He would tell her it had all been wrong; it was time to come home, be a family again. Everything would go back to the way it had been and they would live out their days as a happy little family. Mateo burbled as she fetched down coffee mugs and put the percolator on. She kissed his forehead.

She couldn’t go back to her mother’s house, but perhaps something small. Cosy. A little three-bedroom close to the forest. It would have big windows and a spare bedroom for when the twins came to stay. White walls, green eaves. Stained glass panels in the front windows. A wide, covered deck out the back that looked out into the forest and a tidy kitchen that overlooked the garden where Mateo would play.

It would be close to the sea, so they could always hear the waves, and close to the pack. They would fill it with books and carvings and laughter. It would always smell like mint, fresh linen, and baking just out of the oven.

She knew she ought to scold herself. It was a childish dream, one she ought to have out-grown. She had Mateo, and Chrissy, and Luke. She had herself.

She didn’t need Jake. Didn’t _want_ Jake. …did she?

Outside, Jacob stood at the edge of the deck with hands in his pocket looking at the gravel patch in the tiny lawn and the garden gnomes and dragon statuettes along the wooden fence. Helen lived above the bookstore: her sense of the magical mundane was everywhere. Jacob glanced back as if sensing Angela’s eyes on him. A sun-catcher on the window turned his face orange and then blue as he shifted his weight. It wasn’t possible that he’d gotten taller, or wider. But the eighteen months between them clearly showed. They were in the lines around his eyes, the thinning of his mouth, the set of his shoulders.

It was a fantasy to think nothing had changed.


	12. #54 Dangerous

While the coffee brewed, Angela’s mind raced ahead to conversation bearing down like a Mack truck. Mateo tugged one of her ponytails. She disentangled his little hand without looking.
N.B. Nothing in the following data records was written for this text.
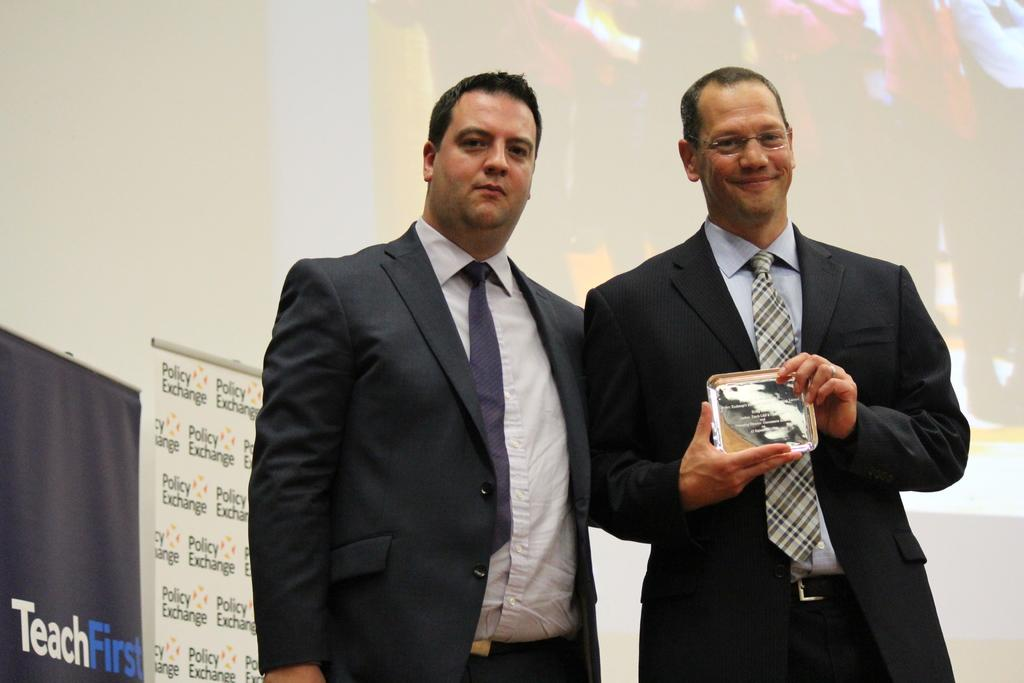How many people are present in the image? There are two persons standing in the image. What is the facial expression of one of the persons? One person is smiling. What is the smiling person holding? The smiling person is holding an object. What can be seen hanging in the image? There are banners in the image. What is visible in the background of the image? There is a screen in the background of the image. What type of thunder can be heard in the image? There is no thunder present in the image; it is a still image with no sound. How many sacks are visible in the image? There are no sacks present in the image. 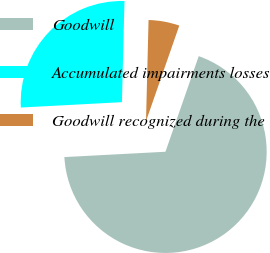Convert chart to OTSL. <chart><loc_0><loc_0><loc_500><loc_500><pie_chart><fcel>Goodwill<fcel>Accumulated impairments losses<fcel>Goodwill recognized during the<nl><fcel>68.83%<fcel>26.24%<fcel>4.93%<nl></chart> 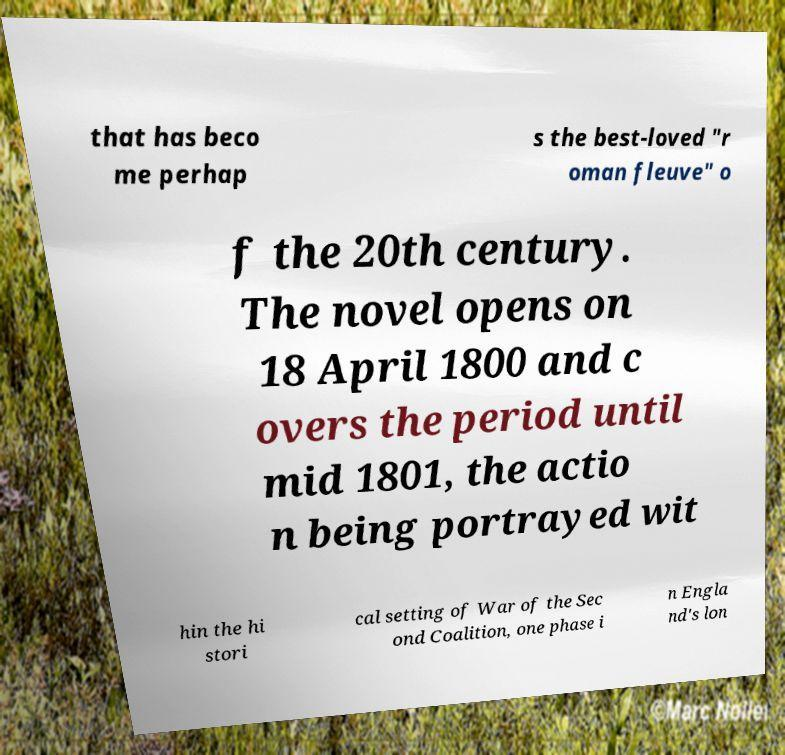There's text embedded in this image that I need extracted. Can you transcribe it verbatim? that has beco me perhap s the best-loved "r oman fleuve" o f the 20th century. The novel opens on 18 April 1800 and c overs the period until mid 1801, the actio n being portrayed wit hin the hi stori cal setting of War of the Sec ond Coalition, one phase i n Engla nd's lon

She’d been building a life here: the bookstore, the apartment, Chrissy, Luke. She and Luke had been together for over a year. There was a real possibility of a life together. They’d even started talking about buying a property in the Yukon. Luke had been a driving force, finding listings, researching towns; they’d looked at a few lodges and hunter’s cabins; floated ideas how to finance themselves up there… Luke was an excellent outdoorsman despite his office job; he’d tentatively mentioned setting up an outdoor adventures/survival bootcamp type thing. Meanwhile, Angela and Chrissy had been working up a stock portfolio.

All of that, Angela thought as she put milk and sugar in each mug, and it had all scattered to the four corners the second she laid eyes on him. Her little mosaic, blown apart. Suddenly nothing she had worked for seemed worth a damn.

She wanted to sit herself down and box her own ears for thinking it. What garbage. The coffee was finished. She pulled the pot free.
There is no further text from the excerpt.